Corollary. Physical constants c, G, ℏ, α are measurable at spatial locations, hence are field values. Since measurable fields on ℝ³ cannot be uniformly non-zero:
∀ κ ∈ {c, G, ℏ, α, ...}: ∃x,x′ ∈ ℝ³ : κ(x) ≠ κ(x′)
Implications
Standard cosmology assumes homogeneity—that the universe looks the same everywhere, with identical physical laws and constants throughout. For truly infinite space, this assumption has no mathematical basis. Unbounded domains require variation as the default state, not uniformity.
This reframes several foundational questions. Fine-tuning problems dissolve when we recognize we’re measuring constants at our location within varying fields, not discovering universe-wide values that somehow emerged from initial conditions. The cosmological principle becomes a useful local approximation rather than a global truth requiring justification.
Variation in what we call constants isn’t anomalous—it’s what infinite geometry necessitates. Observations of fine structure constant variation across cosmological distances, if confirmed, wouldn’t indicate exotic physics but would be consistent with basic mathematical structure of infinite domains.
The uniformity we observe locally reflects our position within a causally connected patch where field gradients are small, not a property extending to all scales. As measurement precision improves and observational horizons expand, we should expect to detect variation rather than be surprised by it.
What we call physical constants are locally stable field values, not global uniformities. Infinity doesn’t just make equilibrium impossible—it makes uniformity impossible for any non-zero field. Variation is not a departure from some uniform baseline. It’s the only mathematically valid state for infinite reality.
This will be part of an upcoming book I am writing with a reinterpreation of physics but I wanted to claim primacy on this one by publishing it with a timestamp.
Once you ask “what does uniformity mean on an unbounded domain?” the answer becomes obvious.
The entire edifice of assuming constant constants rested on never seriously interrogating what “constant everywhere” means when “everywhere” is infinite. We imported intuitions from bounded systems—where uniformity is achievable, maintainable, and lies in valid solution spaces—and applied them to ℝ³ without checking whether the mathematics still works.
It doesn’t. The question contains its own answer: you cannot have non-zero uniformity on infinite domains because uniformity requires closure and infinity provides none.

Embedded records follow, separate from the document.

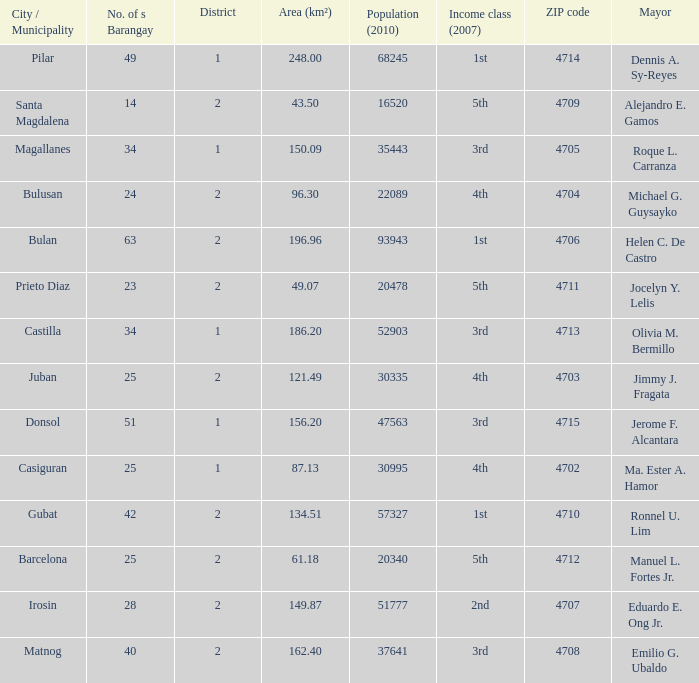What are all the metropolis / municipality where mayor is helen c. De castro Bulan. 
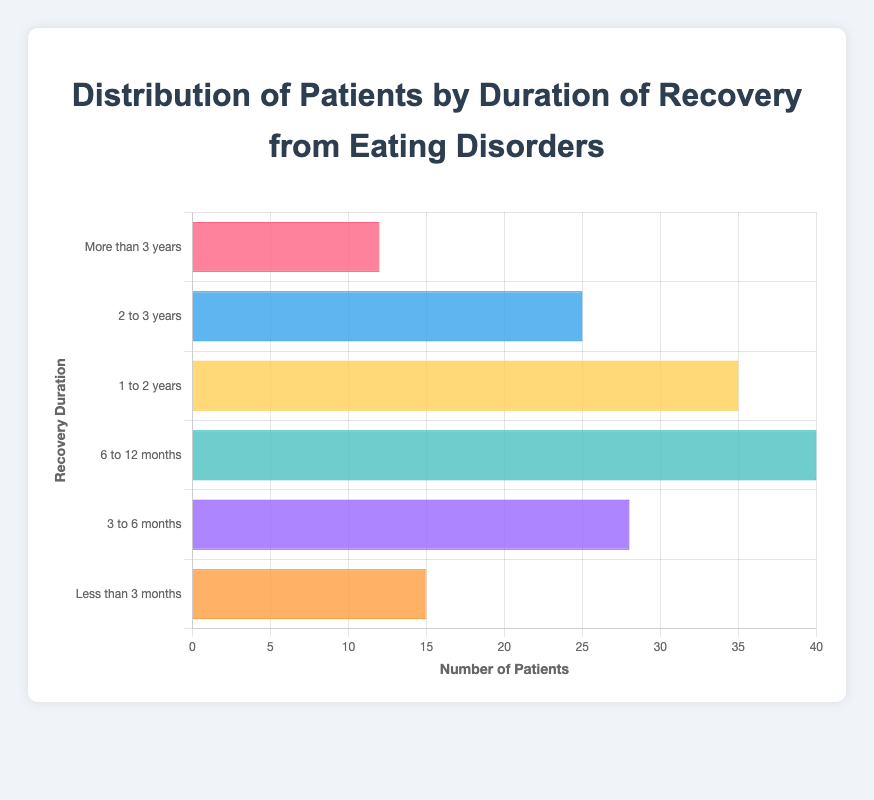What is the total number of patients who took less than 1 year to recover? To find the total number of patients who took less than 1 year to recover, sum the patients for the durations "Less than 3 months" (15 patients), "3 to 6 months" (28 patients), and "6 to 12 months" (40 patients). The total is 15 + 28 + 40 = 83.
Answer: 83 Which duration of recovery has the highest number of patients? To determine which duration of recovery has the highest number of patients, compare the numbers: 15 (Less than 3 months), 28 (3 to 6 months), 40 (6 to 12 months), 35 (1 to 2 years), 25 (2 to 3 years), and 12 (More than 3 years). 6 to 12 months has the highest count of 40 patients.
Answer: 6 to 12 months How many more patients took 6 to 12 months to recover compared to those who took 2 to 3 years? To find out how many more patients took 6 to 12 months (40) compared to 2 to 3 years (25), subtract the smaller number from the larger: 40 - 25 = 15.
Answer: 15 What is the combined number of patients who took between 1 to 3 years to recover? To get the combined number of patients who took between 1 to 3 years, add the number of patients for "1 to 2 years" (35) and "2 to 3 years" (25). The sum is 35 + 25 = 60.
Answer: 60 Among all durations, which one has the least number of patients? To find the duration with the least number of patients, compare the values: 15, 28, 40, 35, 25, and 12. The smallest value is 12, which corresponds to the duration "More than 3 years".
Answer: More than 3 years How does the number of patients who took less than 3 months compare to those who took more than 3 years? Compare the values for "Less than 3 months" (15 patients) and "More than 3 years" (12 patients). Since 15 is greater than 12, more patients took less than 3 months to recover compared to more than 3 years.
Answer: More patients took less than 3 months What is the average number of patients across all recovery durations? To calculate the average number of patients, sum all patients and divide by the number of durations. The sum is 15 + 28 + 40 + 35 + 25 + 12 = 155. There are 6 durations, so the average is 155 / 6 ≈ 25.83.
Answer: 25.83 Which recovery duration uses a blue visual representation in the chart? Observing the color details, "2 to 3 years" uses the blue color in the chart.
Answer: 2 to 3 years

The homogeneous solution fails.
The diffusion equation with c(x,t) = c₀ as its “solution” on ℝ³ isn’t just unphysical or impractical. It’s not a solution at all. The mathematics rejects it. That’s different from most physical impossibilities, which are about dynamics (you can’t reach the speed of light, you can’t decrease entropy). This is structural. The uniform state isn’t in the space of states. It’s not that the system won’t get there—it’s that “there” doesn’t exist. The comfortable mathematical object we’ve been manipulating (constant solutions to PDEs) simply breaks when you remove boundaries. Not approximately, not in some limit—it categorically fails to be what we thought it was. The constants aren’t approximately varying or practically unmeasurable in their uniformity. They cannot be uniform. The mathematics forbids it, and physics must respect what mathematics forbids.
The sophistication isn’t in my proof—it’s in recognizing that a proof is necessary. For centuries, physicists treated “the constants are constant” as so obvious it needed no justification. The insight is seeing that this “obvious” claim is a substantial mathematical assertion about field configurations on unbounded spaces, and when you actually examine it formally, it fails immediately.
Note: This argument applies to spatially infinite universes. For finite universe models with compact topology, different mathematical structures apply.